● Try it
Copy every record below exactly as it stands.

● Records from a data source
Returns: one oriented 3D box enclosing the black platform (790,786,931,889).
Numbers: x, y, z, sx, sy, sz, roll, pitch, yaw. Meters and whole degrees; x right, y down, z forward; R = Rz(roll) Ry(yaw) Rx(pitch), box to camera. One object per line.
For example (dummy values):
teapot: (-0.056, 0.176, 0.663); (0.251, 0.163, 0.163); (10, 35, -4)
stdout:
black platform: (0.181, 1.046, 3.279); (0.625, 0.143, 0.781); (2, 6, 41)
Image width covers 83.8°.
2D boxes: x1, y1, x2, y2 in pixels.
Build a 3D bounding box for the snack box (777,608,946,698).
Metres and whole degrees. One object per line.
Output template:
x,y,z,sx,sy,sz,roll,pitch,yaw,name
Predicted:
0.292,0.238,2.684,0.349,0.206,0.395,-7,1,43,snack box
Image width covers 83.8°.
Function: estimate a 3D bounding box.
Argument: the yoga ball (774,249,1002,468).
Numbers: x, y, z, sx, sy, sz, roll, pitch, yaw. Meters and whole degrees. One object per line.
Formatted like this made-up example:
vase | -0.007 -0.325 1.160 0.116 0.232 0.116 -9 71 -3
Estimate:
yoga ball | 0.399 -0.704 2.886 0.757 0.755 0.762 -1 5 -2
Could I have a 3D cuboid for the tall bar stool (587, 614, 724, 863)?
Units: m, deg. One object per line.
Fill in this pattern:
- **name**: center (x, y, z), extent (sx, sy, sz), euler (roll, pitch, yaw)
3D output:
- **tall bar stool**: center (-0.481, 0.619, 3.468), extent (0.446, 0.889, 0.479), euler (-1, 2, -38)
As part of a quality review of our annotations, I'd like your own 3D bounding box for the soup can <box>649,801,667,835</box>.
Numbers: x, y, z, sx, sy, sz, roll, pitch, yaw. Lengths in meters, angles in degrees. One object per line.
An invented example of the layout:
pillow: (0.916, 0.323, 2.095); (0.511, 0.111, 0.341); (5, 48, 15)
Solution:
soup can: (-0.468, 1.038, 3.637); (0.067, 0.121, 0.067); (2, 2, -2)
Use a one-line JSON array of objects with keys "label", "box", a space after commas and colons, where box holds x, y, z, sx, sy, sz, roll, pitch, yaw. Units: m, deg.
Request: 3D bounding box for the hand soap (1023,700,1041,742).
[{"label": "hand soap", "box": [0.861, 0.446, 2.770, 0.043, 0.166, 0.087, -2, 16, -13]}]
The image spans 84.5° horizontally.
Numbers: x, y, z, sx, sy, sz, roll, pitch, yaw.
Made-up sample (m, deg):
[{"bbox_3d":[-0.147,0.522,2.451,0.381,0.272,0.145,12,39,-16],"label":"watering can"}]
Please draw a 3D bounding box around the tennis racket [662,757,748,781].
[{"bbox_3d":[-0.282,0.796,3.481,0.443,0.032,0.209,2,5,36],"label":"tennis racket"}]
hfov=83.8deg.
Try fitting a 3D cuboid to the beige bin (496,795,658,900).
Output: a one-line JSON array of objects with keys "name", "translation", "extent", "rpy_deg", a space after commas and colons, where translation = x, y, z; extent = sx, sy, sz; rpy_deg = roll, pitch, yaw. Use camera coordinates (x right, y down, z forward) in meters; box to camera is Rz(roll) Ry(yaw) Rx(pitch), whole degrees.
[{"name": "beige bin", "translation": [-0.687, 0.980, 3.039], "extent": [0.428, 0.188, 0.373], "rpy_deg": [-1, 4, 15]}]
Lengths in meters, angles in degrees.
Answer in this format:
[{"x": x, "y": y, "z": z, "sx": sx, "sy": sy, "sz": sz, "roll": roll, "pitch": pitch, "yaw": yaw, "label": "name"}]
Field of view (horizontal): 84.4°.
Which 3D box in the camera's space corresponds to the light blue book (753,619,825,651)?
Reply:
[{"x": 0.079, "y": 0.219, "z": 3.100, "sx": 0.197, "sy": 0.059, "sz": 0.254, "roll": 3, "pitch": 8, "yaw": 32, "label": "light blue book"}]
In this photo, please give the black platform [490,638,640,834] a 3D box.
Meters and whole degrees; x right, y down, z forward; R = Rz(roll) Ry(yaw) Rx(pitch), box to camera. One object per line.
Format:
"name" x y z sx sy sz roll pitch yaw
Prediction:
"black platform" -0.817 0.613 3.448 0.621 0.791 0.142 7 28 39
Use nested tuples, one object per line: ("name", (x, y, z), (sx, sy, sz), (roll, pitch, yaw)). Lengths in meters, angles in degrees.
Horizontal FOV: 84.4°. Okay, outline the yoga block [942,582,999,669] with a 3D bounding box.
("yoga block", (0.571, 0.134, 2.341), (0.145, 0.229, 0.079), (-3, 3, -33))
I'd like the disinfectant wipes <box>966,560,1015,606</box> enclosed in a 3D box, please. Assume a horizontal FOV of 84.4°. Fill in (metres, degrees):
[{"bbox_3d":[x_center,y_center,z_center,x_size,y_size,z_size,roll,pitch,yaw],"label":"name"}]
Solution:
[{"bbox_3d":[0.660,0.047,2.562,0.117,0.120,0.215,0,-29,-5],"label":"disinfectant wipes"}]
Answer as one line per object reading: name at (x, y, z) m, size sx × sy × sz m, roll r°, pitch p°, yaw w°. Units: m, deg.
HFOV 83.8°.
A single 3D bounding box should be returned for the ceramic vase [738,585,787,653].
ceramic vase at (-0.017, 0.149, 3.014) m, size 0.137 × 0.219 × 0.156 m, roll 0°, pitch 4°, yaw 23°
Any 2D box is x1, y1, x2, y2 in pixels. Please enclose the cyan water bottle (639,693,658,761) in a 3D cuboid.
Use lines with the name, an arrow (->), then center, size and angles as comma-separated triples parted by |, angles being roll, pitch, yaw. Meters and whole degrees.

● Written answer
Returns: one oriented 3D box enclosing the black platform (790,786,931,889).
Numbers: x, y, z, sx, sy, sz, roll, pitch, yaw. Meters and whole degrees; x right, y down, z forward; R = Rz(roll) Ry(yaw) Rx(pitch), box to camera. One object per line.
For example (dummy values):
teapot: (-0.056, 0.176, 0.663); (0.251, 0.163, 0.163); (10, 35, -4)
stdout:
black platform: (0.181, 1.046, 3.279); (0.625, 0.143, 0.781); (2, 6, 41)
Image width covers 83.8°.
2D boxes: x1, y1, x2, y2 in pixels.
Build a 3D bounding box for the snack box (777,608,946,698).
Metres and whole degrees. One object per line.
Output template:
x,y,z,sx,sy,sz,roll,pitch,yaw,name
Predicted:
0.292,0.238,2.684,0.349,0.206,0.395,-7,1,43,snack box
Image width covers 83.8°.
Function: estimate a 3D bounding box.
Argument: the yoga ball (774,249,1002,468).
Numbers: x, y, z, sx, sy, sz, roll, pitch, yaw. Meters and whole degrees. One object per line.
Formatted like this made-up example:
vase | -0.007 -0.325 1.160 0.116 0.232 0.116 -9 71 -3
Estimate:
yoga ball | 0.399 -0.704 2.886 0.757 0.755 0.762 -1 5 -2
Could I have a 3D cuboid for the tall bar stool (587, 614, 724, 863)?
Units: m, deg. One object per line.
Fill in this pattern:
- **name**: center (x, y, z), extent (sx, sy, sz), euler (roll, pitch, yaw)
3D output:
- **tall bar stool**: center (-0.481, 0.619, 3.468), extent (0.446, 0.889, 0.479), euler (-1, 2, -38)
As part of a quality review of our annotations, I'd like your own 3D bounding box for the soup can <box>649,801,667,835</box>.
Numbers: x, y, z, sx, sy, sz, roll, pitch, yaw. Lengths in meters, angles in degrees. One object per line.
An invented example of the layout:
pillow: (0.916, 0.323, 2.095); (0.511, 0.111, 0.341); (5, 48, 15)
Solution:
soup can: (-0.468, 1.038, 3.637); (0.067, 0.121, 0.067); (2, 2, -2)
Use a one-line JSON array of objects with keys "label", "box", a space after commas and colons, where box holds x, y, z, sx, sy, sz, roll, pitch, yaw. Units: m, deg.
Request: 3D bounding box for the hand soap (1023,700,1041,742).
[{"label": "hand soap", "box": [0.861, 0.446, 2.770, 0.043, 0.166, 0.087, -2, 16, -13]}]
The image spans 84.5° horizontally.
Numbers: x, y, z, sx, sy, sz, roll, pitch, yaw.
Made-up sample (m, deg):
[{"bbox_3d":[-0.147,0.522,2.451,0.381,0.272,0.145,12,39,-16],"label":"watering can"}]
Please draw a 3D bounding box around the tennis racket [662,757,748,781].
[{"bbox_3d":[-0.282,0.796,3.481,0.443,0.032,0.209,2,5,36],"label":"tennis racket"}]
hfov=83.8deg.
Try fitting a 3D cuboid to the beige bin (496,795,658,900).
Output: a one-line JSON array of objects with keys "name", "translation", "extent", "rpy_deg", a space after commas and colons, where translation = x, y, z; extent = sx, sy, sz; rpy_deg = roll, pitch, yaw. Use camera coordinates (x right, y down, z forward) in meters; box to camera is Rz(roll) Ry(yaw) Rx(pitch), whole degrees.
[{"name": "beige bin", "translation": [-0.687, 0.980, 3.039], "extent": [0.428, 0.188, 0.373], "rpy_deg": [-1, 4, 15]}]
Lengths in meters, angles in degrees.
Answer in this format:
[{"x": x, "y": y, "z": z, "sx": sx, "sy": sy, "sz": sz, "roll": roll, "pitch": pitch, "yaw": yaw, "label": "name"}]
Field of view (horizontal): 84.4°.
Which 3D box in the camera's space corresponds to the light blue book (753,619,825,651)?
Reply:
[{"x": 0.079, "y": 0.219, "z": 3.100, "sx": 0.197, "sy": 0.059, "sz": 0.254, "roll": 3, "pitch": 8, "yaw": 32, "label": "light blue book"}]
In this photo, please give the black platform [490,638,640,834] a 3D box.
Meters and whole degrees; x right, y down, z forward; R = Rz(roll) Ry(yaw) Rx(pitch), box to camera. One object per line.
Format:
"name" x y z sx sy sz roll pitch yaw
Prediction:
"black platform" -0.817 0.613 3.448 0.621 0.791 0.142 7 28 39
Use nested tuples, one object per line: ("name", (x, y, z), (sx, sy, sz), (roll, pitch, yaw)). Lengths in meters, angles in degrees.
Horizontal FOV: 84.4°. Okay, outline the yoga block [942,582,999,669] with a 3D bounding box.
("yoga block", (0.571, 0.134, 2.341), (0.145, 0.229, 0.079), (-3, 3, -33))
I'd like the disinfectant wipes <box>966,560,1015,606</box> enclosed in a 3D box, please. Assume a horizontal FOV of 84.4°. Fill in (metres, degrees):
[{"bbox_3d":[x_center,y_center,z_center,x_size,y_size,z_size,roll,pitch,yaw],"label":"name"}]
Solution:
[{"bbox_3d":[0.660,0.047,2.562,0.117,0.120,0.215,0,-29,-5],"label":"disinfectant wipes"}]
Answer as one line per object reading: name at (x, y, z) m, size sx × sy × sz m, roll r°, pitch p°, yaw w°. Units: m, deg.
HFOV 83.8°.
A single 3D bounding box should be returned for the ceramic vase [738,585,787,653].
ceramic vase at (-0.017, 0.149, 3.014) m, size 0.137 × 0.219 × 0.156 m, roll 0°, pitch 4°, yaw 23°
Any 2D box is x1, y1, x2, y2 in pixels. Please enclose the cyan water bottle (639,693,658,761) in a 3D cuboid.
Use lines with the name, an arrow (->), then center, size and angles as comma-separated triples parted by |, angles being roll, pitch, yaw. Meters and whole degrees.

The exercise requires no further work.